• EXERCISE
Reproduce only this stretch of the listing below: from the line with "text. <code><loc_0><loc_0><loc_500><loc_500><_Python_>import abc" through the line with "There's text embedded", exactly as written, with pictures excluded.

• TASK INPUTS
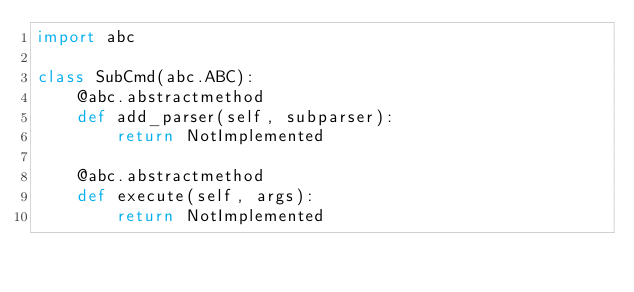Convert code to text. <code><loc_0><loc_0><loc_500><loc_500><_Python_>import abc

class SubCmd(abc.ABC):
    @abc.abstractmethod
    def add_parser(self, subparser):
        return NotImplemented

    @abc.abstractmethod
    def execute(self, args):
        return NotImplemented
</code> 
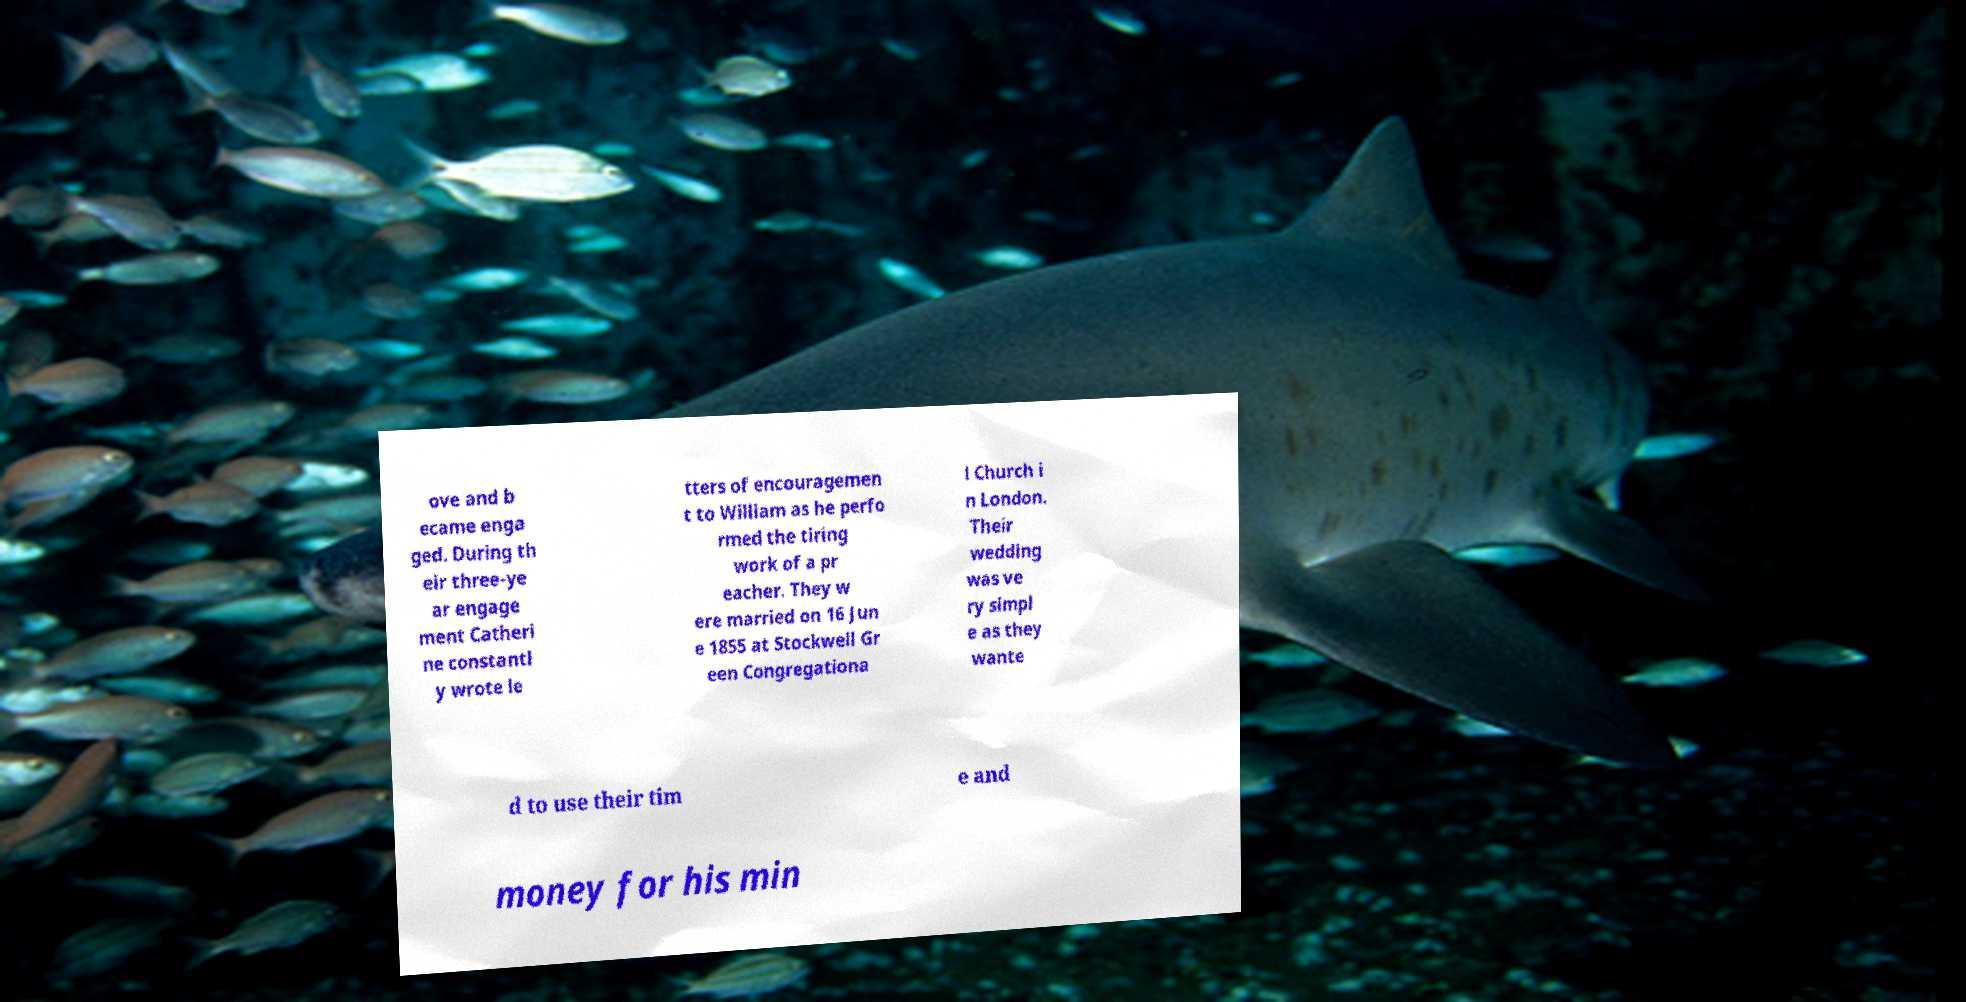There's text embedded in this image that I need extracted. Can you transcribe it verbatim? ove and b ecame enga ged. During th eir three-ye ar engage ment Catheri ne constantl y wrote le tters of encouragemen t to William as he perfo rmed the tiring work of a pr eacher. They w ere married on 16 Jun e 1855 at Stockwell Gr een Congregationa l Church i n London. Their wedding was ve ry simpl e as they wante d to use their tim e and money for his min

==

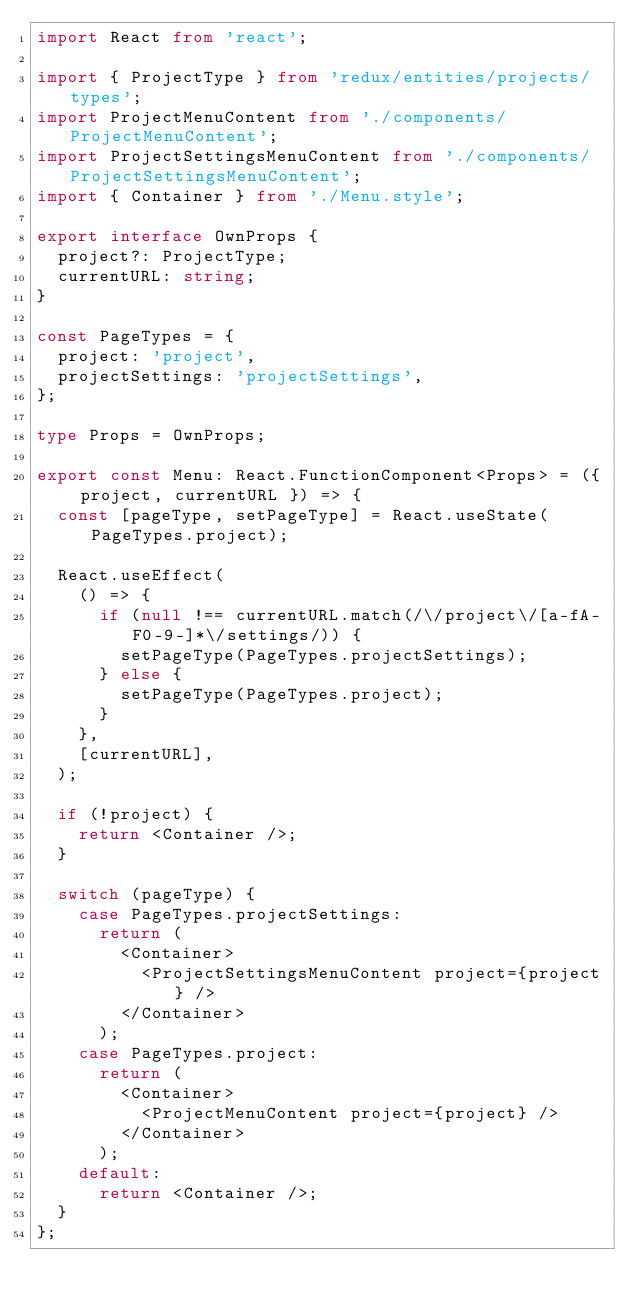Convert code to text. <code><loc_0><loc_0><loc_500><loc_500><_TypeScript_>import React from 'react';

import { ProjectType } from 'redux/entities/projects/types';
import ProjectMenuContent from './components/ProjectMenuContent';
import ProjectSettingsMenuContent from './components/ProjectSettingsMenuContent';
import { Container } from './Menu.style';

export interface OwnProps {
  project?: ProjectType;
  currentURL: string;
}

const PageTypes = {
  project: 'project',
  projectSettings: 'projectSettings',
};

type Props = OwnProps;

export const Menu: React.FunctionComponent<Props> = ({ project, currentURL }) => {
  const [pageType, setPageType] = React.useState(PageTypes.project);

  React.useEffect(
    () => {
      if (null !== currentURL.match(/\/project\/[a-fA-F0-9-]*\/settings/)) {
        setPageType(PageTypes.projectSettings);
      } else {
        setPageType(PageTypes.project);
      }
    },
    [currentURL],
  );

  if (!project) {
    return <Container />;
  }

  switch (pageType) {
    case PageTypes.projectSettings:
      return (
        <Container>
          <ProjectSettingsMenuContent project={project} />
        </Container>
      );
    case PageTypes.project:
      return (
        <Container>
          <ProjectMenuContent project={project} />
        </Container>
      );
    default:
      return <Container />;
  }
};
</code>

--

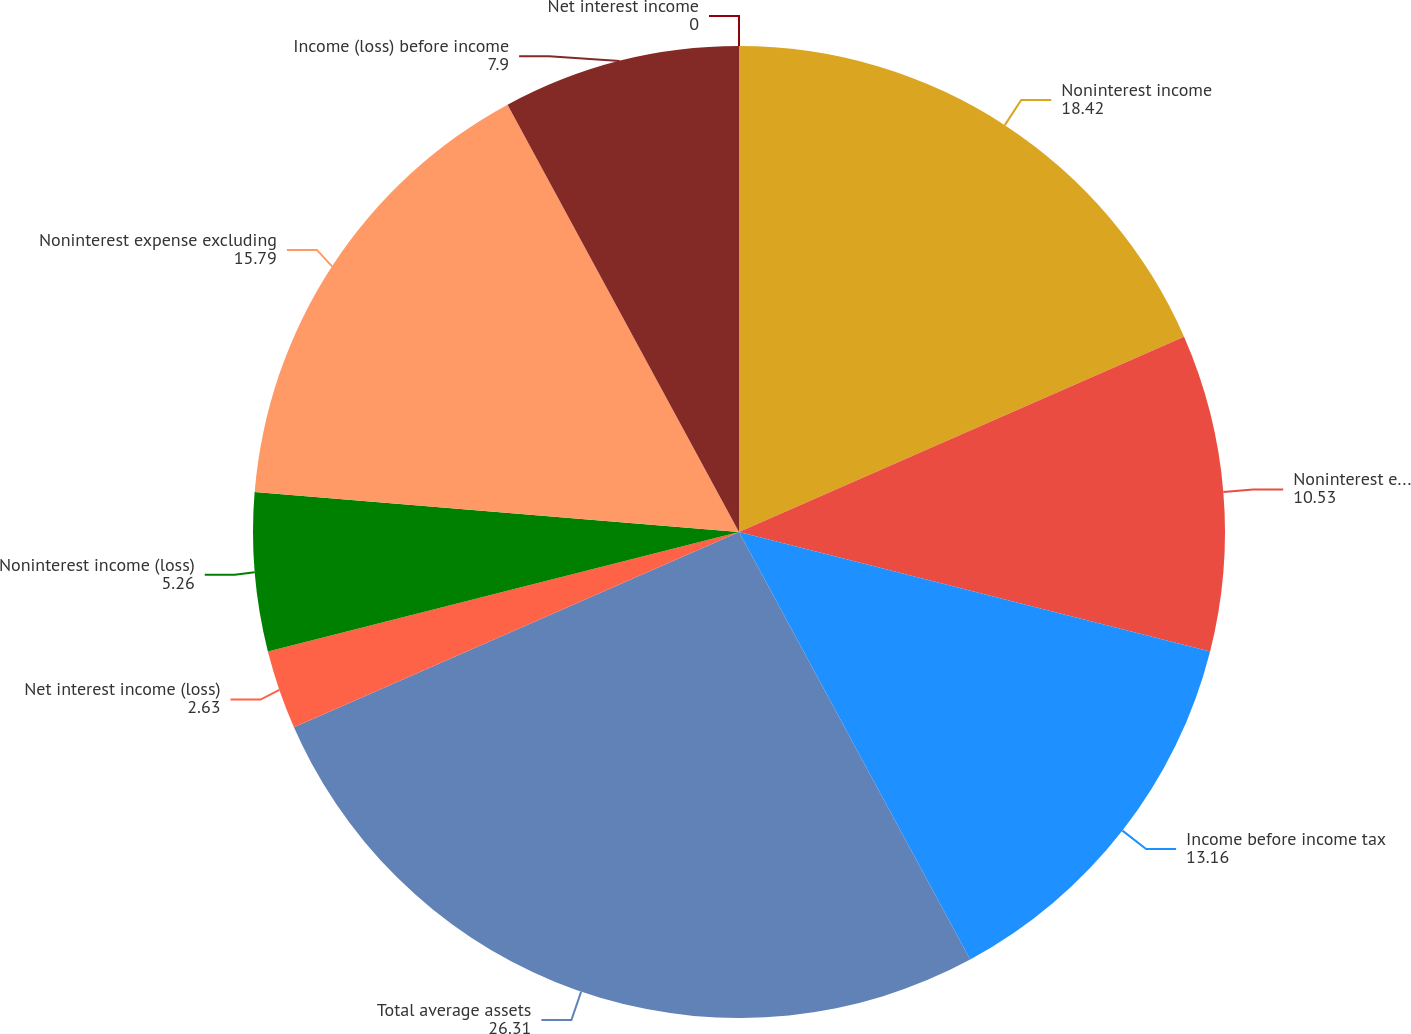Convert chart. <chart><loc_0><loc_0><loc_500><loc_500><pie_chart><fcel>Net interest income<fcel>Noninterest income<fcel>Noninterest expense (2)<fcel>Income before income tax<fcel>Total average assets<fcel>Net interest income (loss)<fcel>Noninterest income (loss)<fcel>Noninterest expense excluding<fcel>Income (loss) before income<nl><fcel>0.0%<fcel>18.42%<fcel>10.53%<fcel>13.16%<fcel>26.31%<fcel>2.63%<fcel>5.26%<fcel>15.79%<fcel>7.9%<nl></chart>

• EXERCISE SOLUTION
Convert code to text. <code><loc_0><loc_0><loc_500><loc_500><_Python_>import abc

class SubCmd(abc.ABC):
    @abc.abstractmethod
    def add_parser(self, subparser):
        return NotImplemented

    @abc.abstractmethod
    def execute(self, args):
        return NotImplemented
</code> 
There's text embedded in this image that I need extracted. Can you transcribe it verbatim? ove and b ecame enga ged. During th eir three-ye ar engage ment Catheri ne constantl y wrote le tters of encouragemen t to William as he perfo rmed the tiring work of a pr eacher. They w ere married on 16 Jun e 1855 at Stockwell Gr een Congregationa l Church i n London. Their wedding was ve ry simpl e as they wante d to use their tim e and money for his min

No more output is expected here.